| Assignment |
Start to finish, print the entries exactly, and carry none of the pictures over.

(Data records)
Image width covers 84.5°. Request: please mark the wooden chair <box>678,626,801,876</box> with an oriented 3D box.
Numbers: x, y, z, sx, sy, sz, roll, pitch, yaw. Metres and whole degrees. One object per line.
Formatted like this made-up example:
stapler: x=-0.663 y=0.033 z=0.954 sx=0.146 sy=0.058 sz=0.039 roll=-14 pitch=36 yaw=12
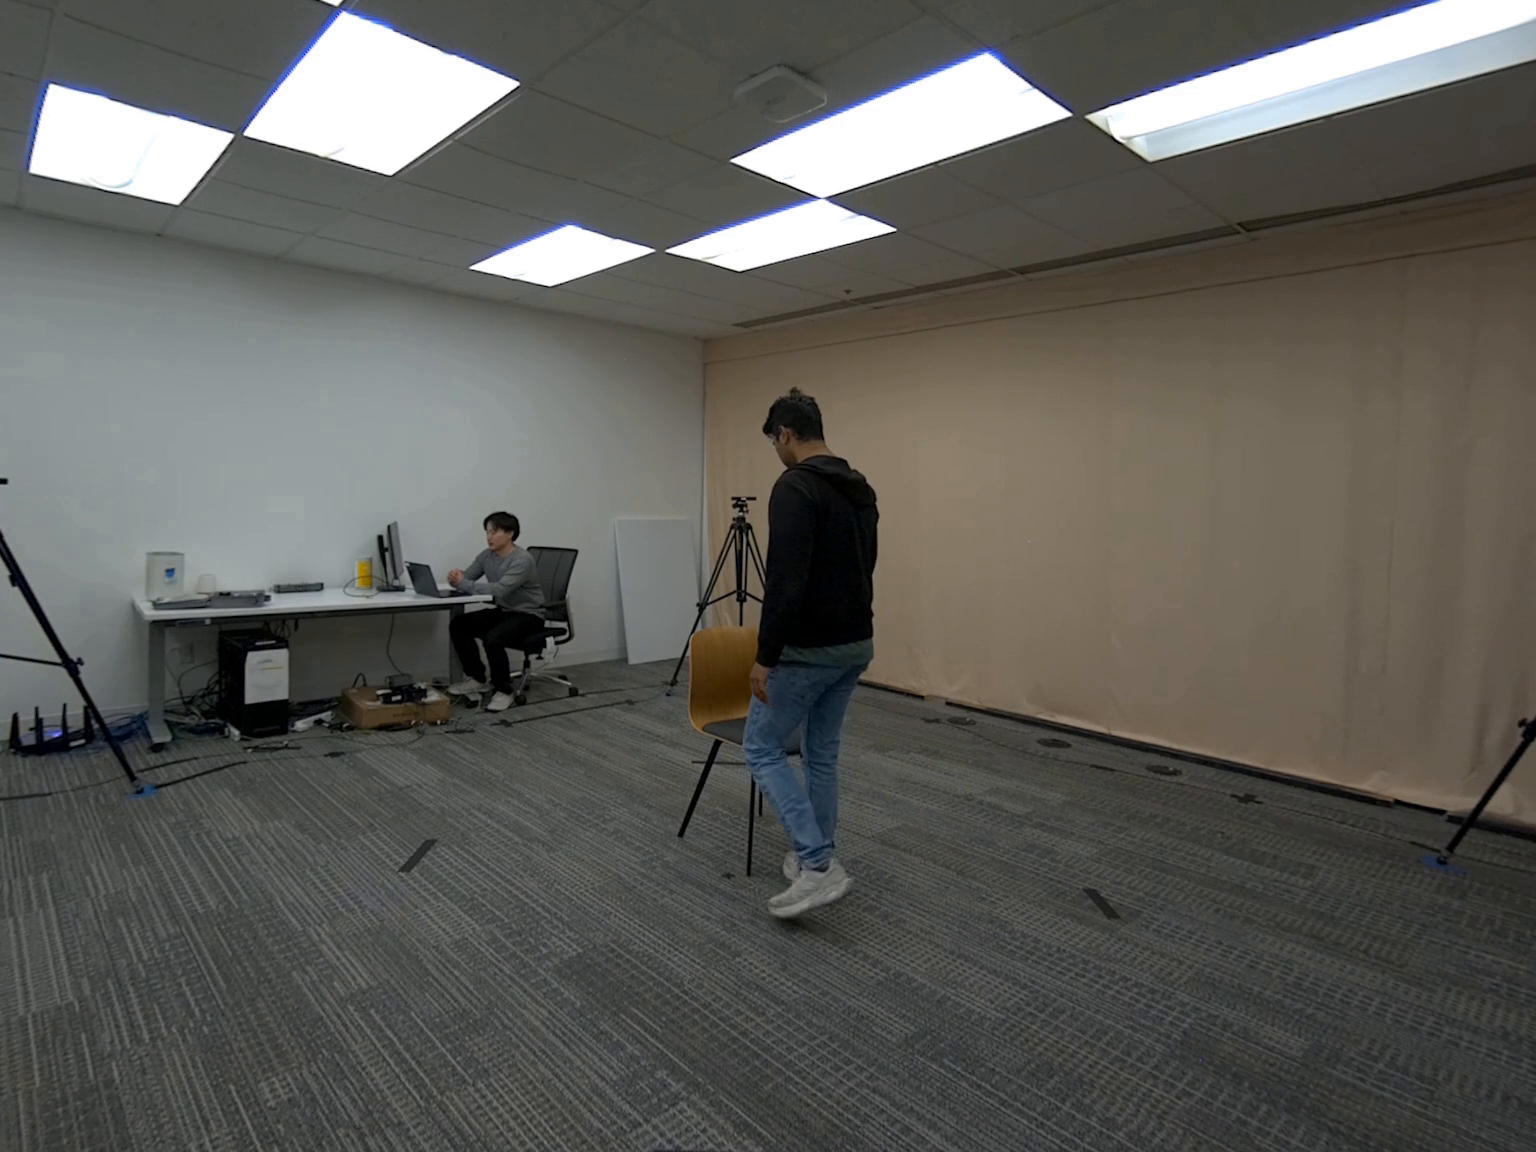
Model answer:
wooden chair: x=-0.046 y=0.657 z=3.380 sx=0.467 sy=0.878 sz=0.535 roll=0 pitch=-1 yaw=-40
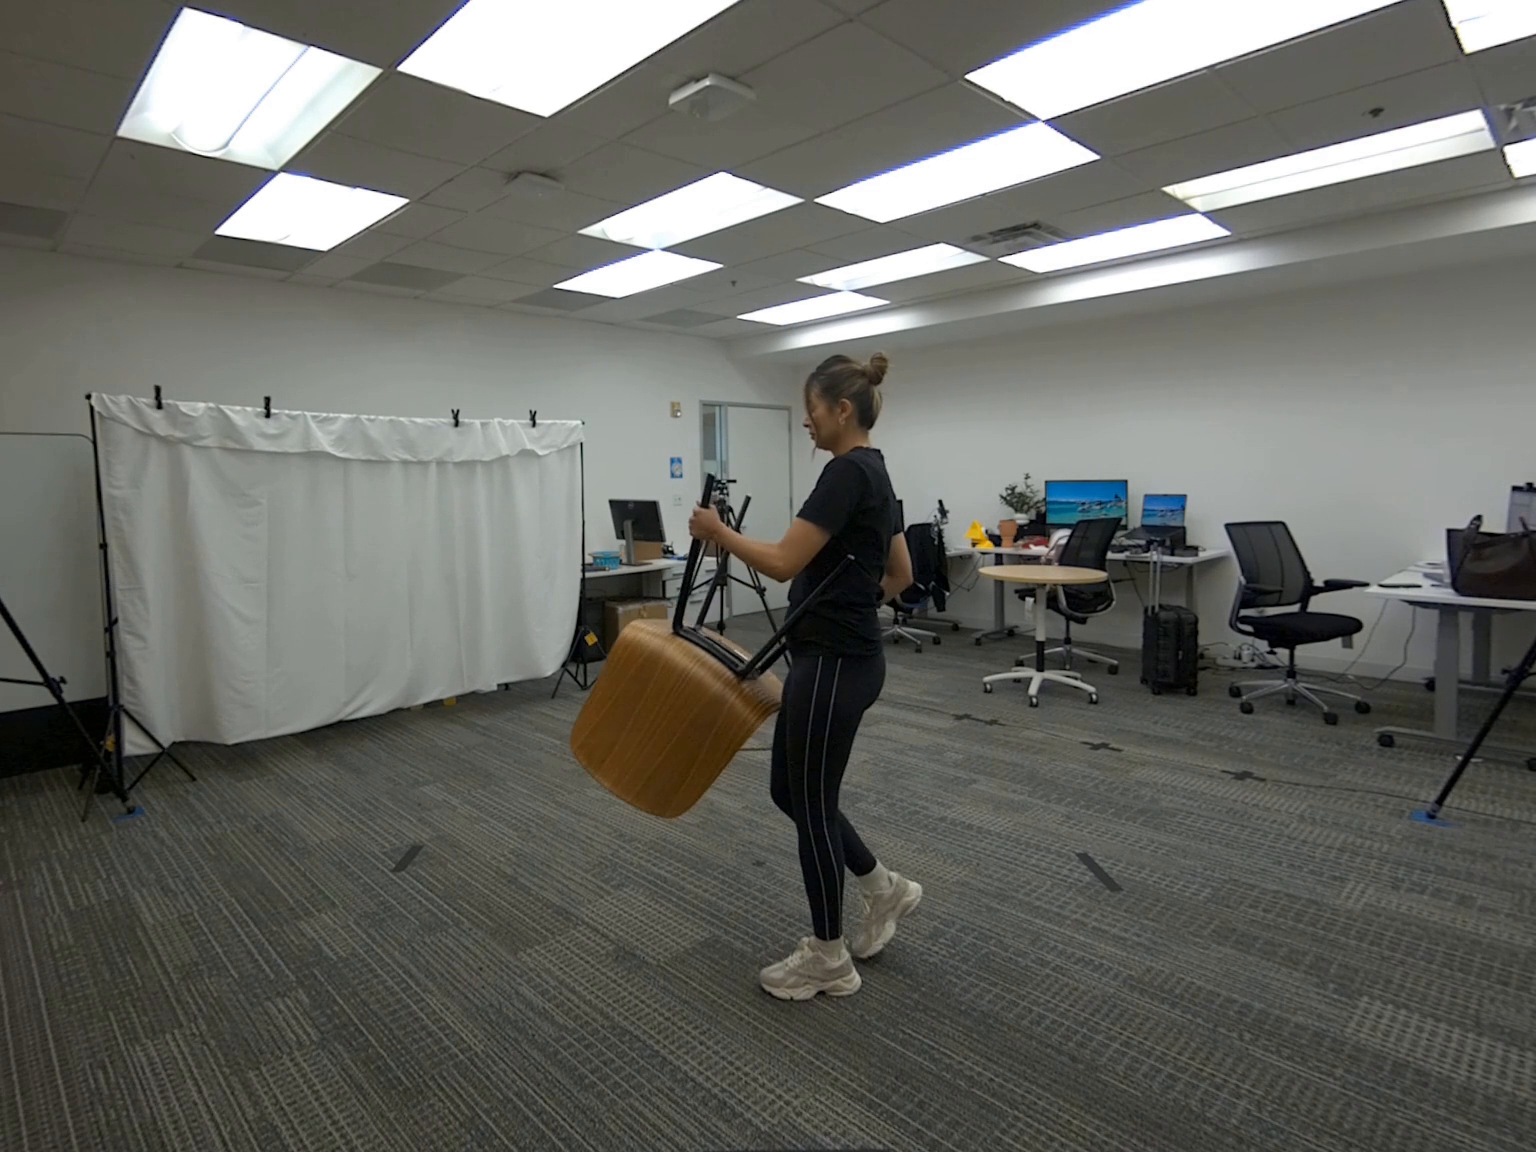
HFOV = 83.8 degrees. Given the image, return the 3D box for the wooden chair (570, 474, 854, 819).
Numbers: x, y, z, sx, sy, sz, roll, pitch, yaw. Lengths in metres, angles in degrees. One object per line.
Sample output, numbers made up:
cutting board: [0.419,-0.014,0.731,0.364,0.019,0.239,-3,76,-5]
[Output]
wooden chair: [-0.135,0.218,2.467,0.487,0.877,0.513,31,0,13]
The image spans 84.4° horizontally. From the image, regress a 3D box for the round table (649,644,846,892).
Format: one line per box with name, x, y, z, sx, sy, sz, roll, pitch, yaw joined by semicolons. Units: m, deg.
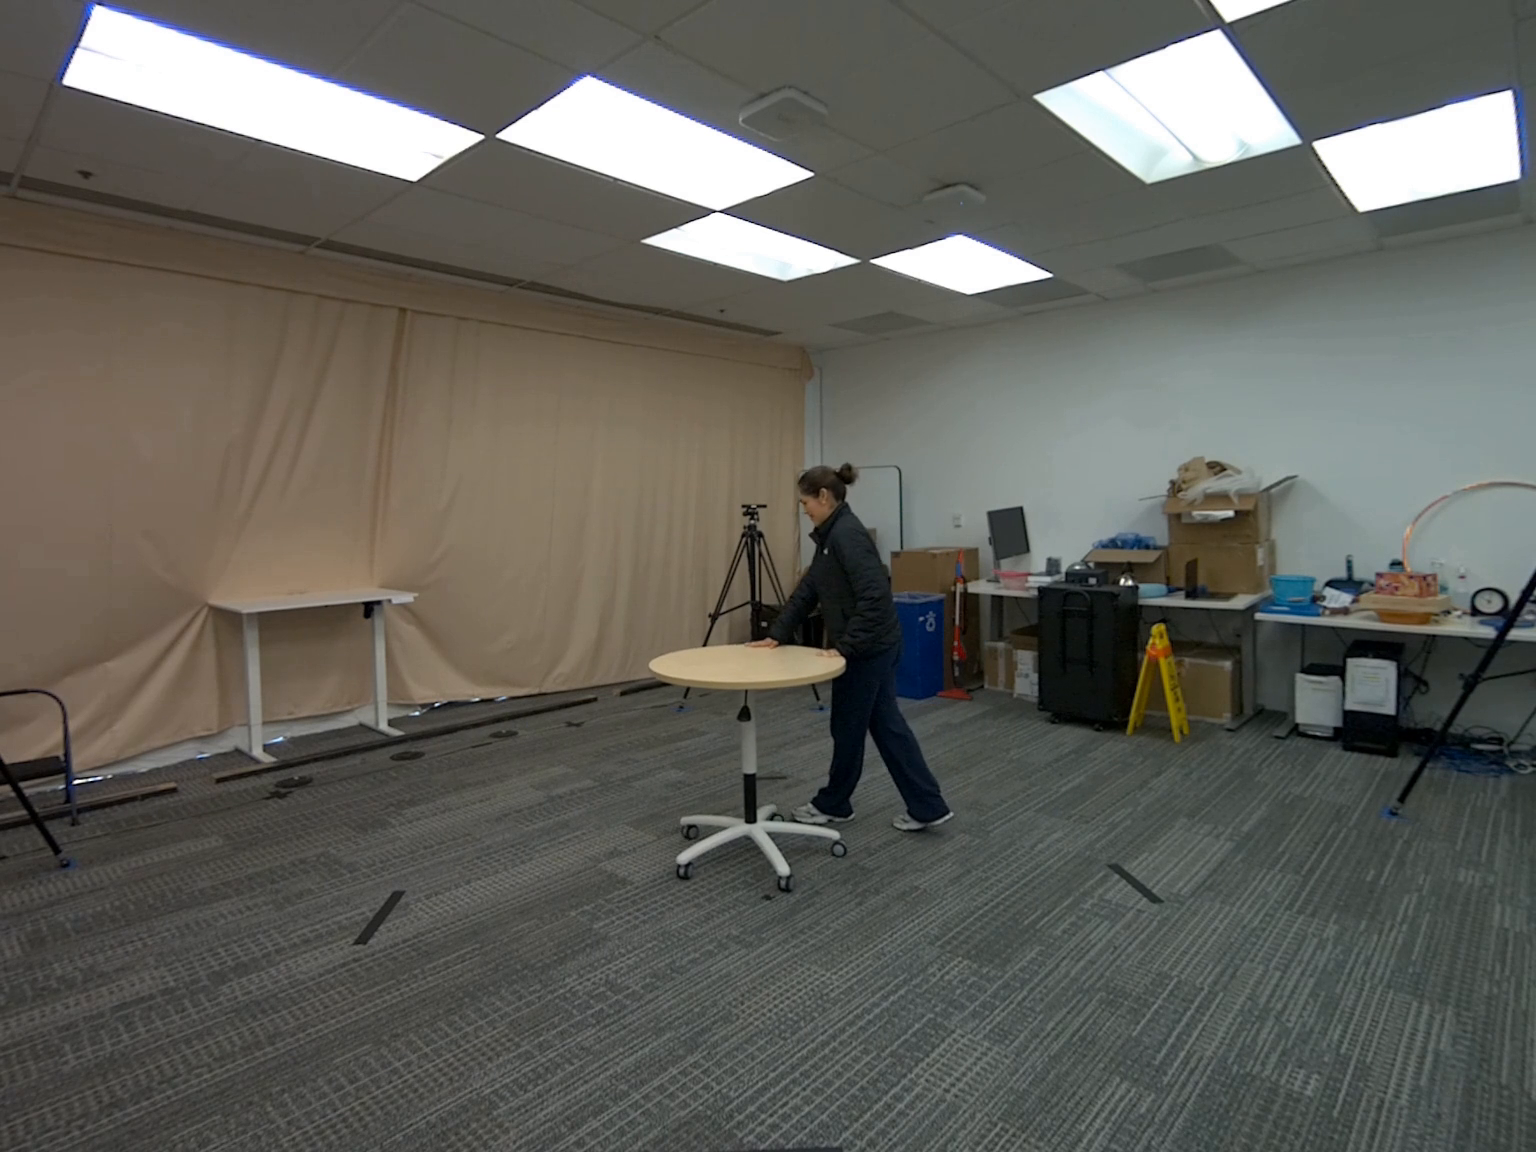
round table;-0.051;0.719;3.324;0.784;0.785;0.788;-1;4;-2
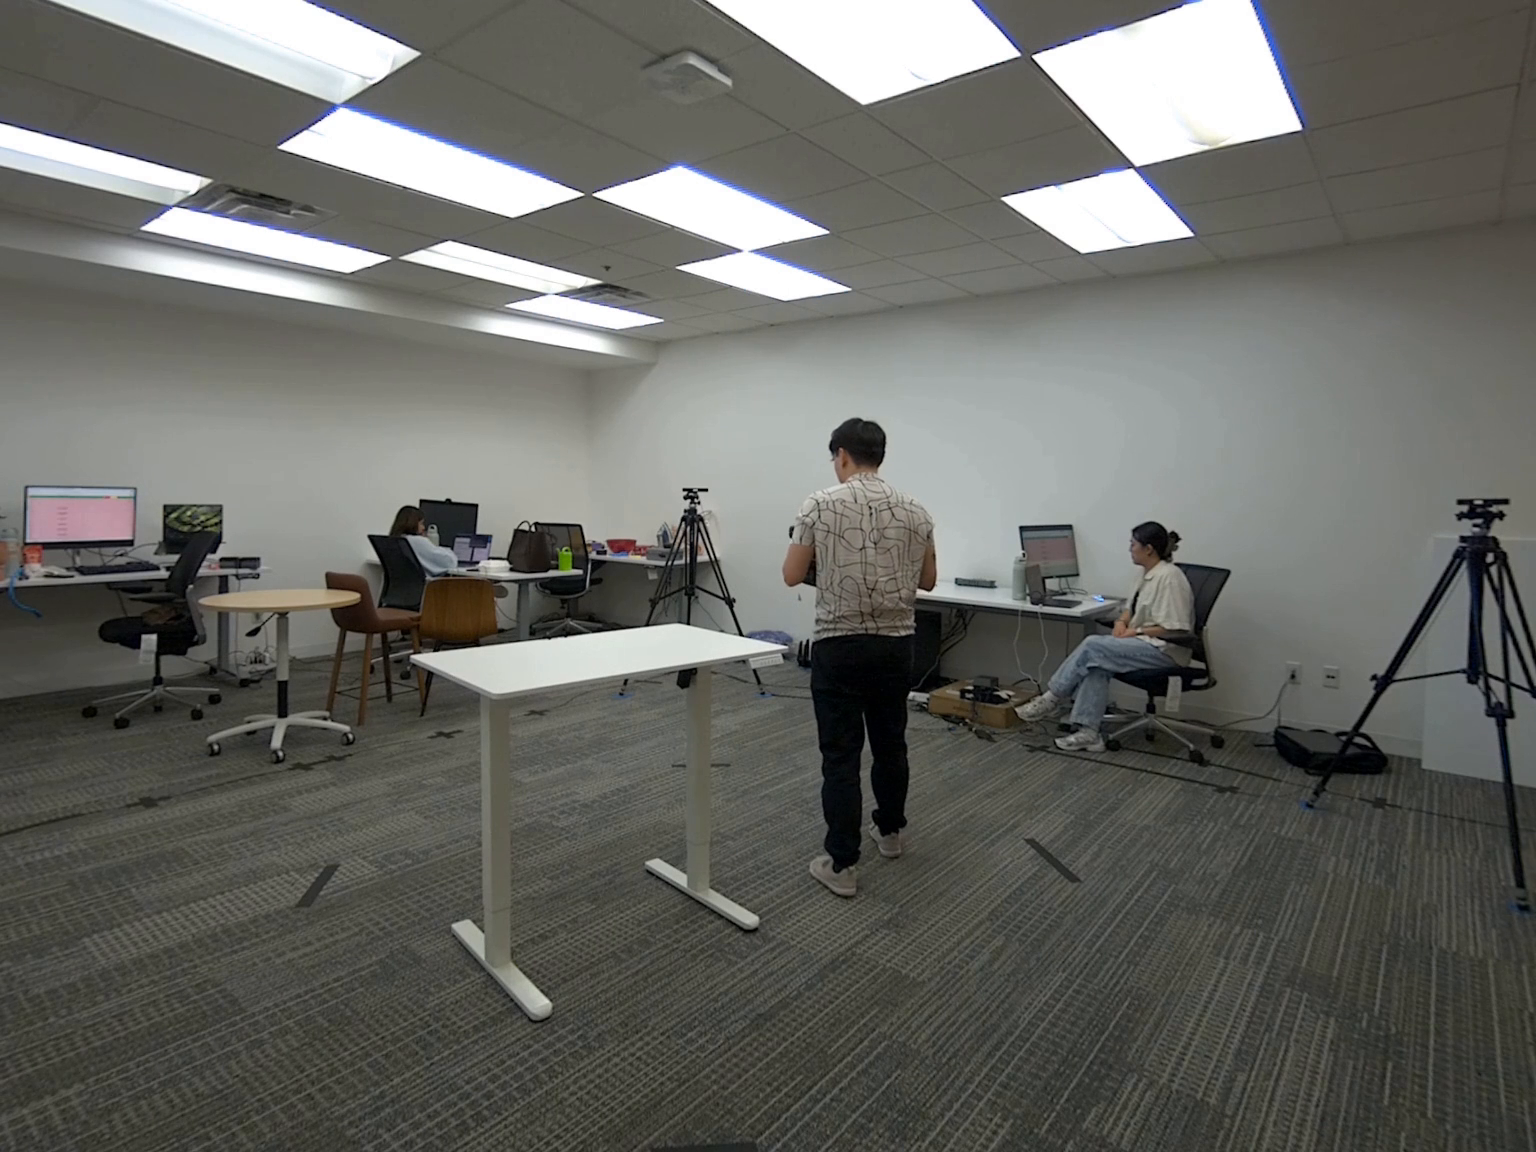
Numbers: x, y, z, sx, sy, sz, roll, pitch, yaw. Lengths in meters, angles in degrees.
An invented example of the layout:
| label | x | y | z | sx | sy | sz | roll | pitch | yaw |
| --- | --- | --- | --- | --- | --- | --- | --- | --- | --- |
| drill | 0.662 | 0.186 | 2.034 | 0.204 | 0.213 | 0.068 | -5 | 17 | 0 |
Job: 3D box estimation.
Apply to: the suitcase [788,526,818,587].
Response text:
| label | x | y | z | sx | sy | sz | roll | pitch | yaw |
| --- | --- | --- | --- | --- | --- | --- | --- | --- | --- |
| suitcase | 0.305 | -0.085 | 3.506 | 0.371 | 0.248 | 0.557 | 2 | 2 | -12 |
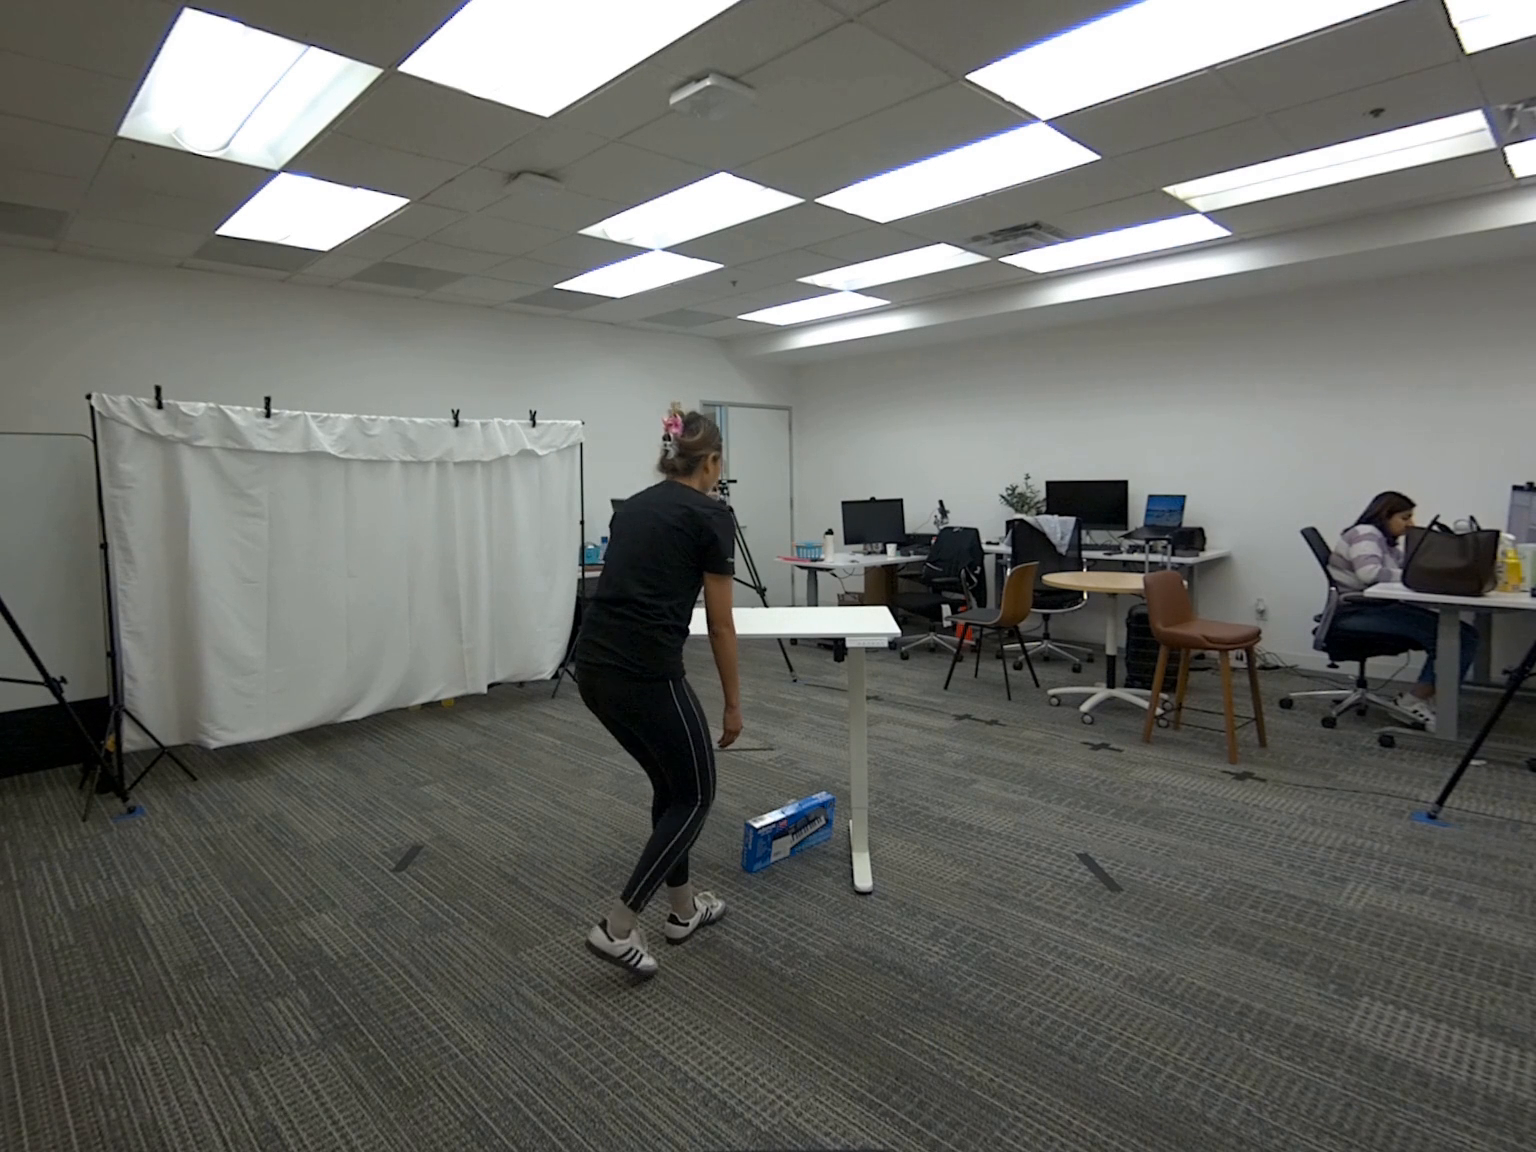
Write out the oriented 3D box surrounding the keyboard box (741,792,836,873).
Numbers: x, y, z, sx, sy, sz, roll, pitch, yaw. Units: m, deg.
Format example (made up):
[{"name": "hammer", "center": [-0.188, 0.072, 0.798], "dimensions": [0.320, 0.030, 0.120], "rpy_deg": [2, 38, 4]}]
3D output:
[{"name": "keyboard box", "center": [0.083, 0.949, 3.186], "dimensions": [0.425, 0.174, 0.061], "rpy_deg": [-7, 14, -44]}]

| Answer for this exercise |
Image width covers 84.5°. Request: please mark the wooden chair <box>678,626,801,876</box> with an oriented 3D box.
Numbers: x, y, z, sx, sy, sz, roll, pitch, yaw. Metres and whole degrees. One object per line.
Formatted like this made-up example:
stapler: x=-0.663 y=0.033 z=0.954 sx=0.146 sy=0.058 sz=0.039 roll=-14 pitch=36 yaw=12
Model answer:
wooden chair: x=-0.046 y=0.657 z=3.380 sx=0.467 sy=0.878 sz=0.535 roll=0 pitch=-1 yaw=-40
HFOV = 83.8 degrees. Given the image, return the 3D box for the wooden chair (570, 474, 854, 819).
Numbers: x, y, z, sx, sy, sz, roll, pitch, yaw. Lengths in metres, angles in degrees. One object per line.
Sample output, numbers made up:
cutting board: [0.419,-0.014,0.731,0.364,0.019,0.239,-3,76,-5]
[Output]
wooden chair: [-0.135,0.218,2.467,0.487,0.877,0.513,31,0,13]
The image spans 84.4° horizontally. From the image, regress a 3D box for the round table (649,644,846,892).
Format: one line per box with name, x, y, z, sx, sy, sz, roll, pitch, yaw joined by semicolons. Units: m, deg.
round table;-0.051;0.719;3.324;0.784;0.785;0.788;-1;4;-2
Numbers: x, y, z, sx, sy, sz, roll, pitch, yaw. Lengths in meters, angles in degrees.
An invented example of the layout:
| label | x | y | z | sx | sy | sz | roll | pitch | yaw |
| --- | --- | --- | --- | --- | --- | --- | --- | --- | --- |
| drill | 0.662 | 0.186 | 2.034 | 0.204 | 0.213 | 0.068 | -5 | 17 | 0 |
Job: 3D box estimation.
Apply to: the suitcase [788,526,818,587].
Response text:
| label | x | y | z | sx | sy | sz | roll | pitch | yaw |
| --- | --- | --- | --- | --- | --- | --- | --- | --- | --- |
| suitcase | 0.305 | -0.085 | 3.506 | 0.371 | 0.248 | 0.557 | 2 | 2 | -12 |
Write out the oriented 3D box surrounding the keyboard box (741,792,836,873).
Numbers: x, y, z, sx, sy, sz, roll, pitch, yaw. Units: m, deg.
Format example (made up):
[{"name": "hammer", "center": [-0.188, 0.072, 0.798], "dimensions": [0.320, 0.030, 0.120], "rpy_deg": [2, 38, 4]}]
3D output:
[{"name": "keyboard box", "center": [0.083, 0.949, 3.186], "dimensions": [0.425, 0.174, 0.061], "rpy_deg": [-7, 14, -44]}]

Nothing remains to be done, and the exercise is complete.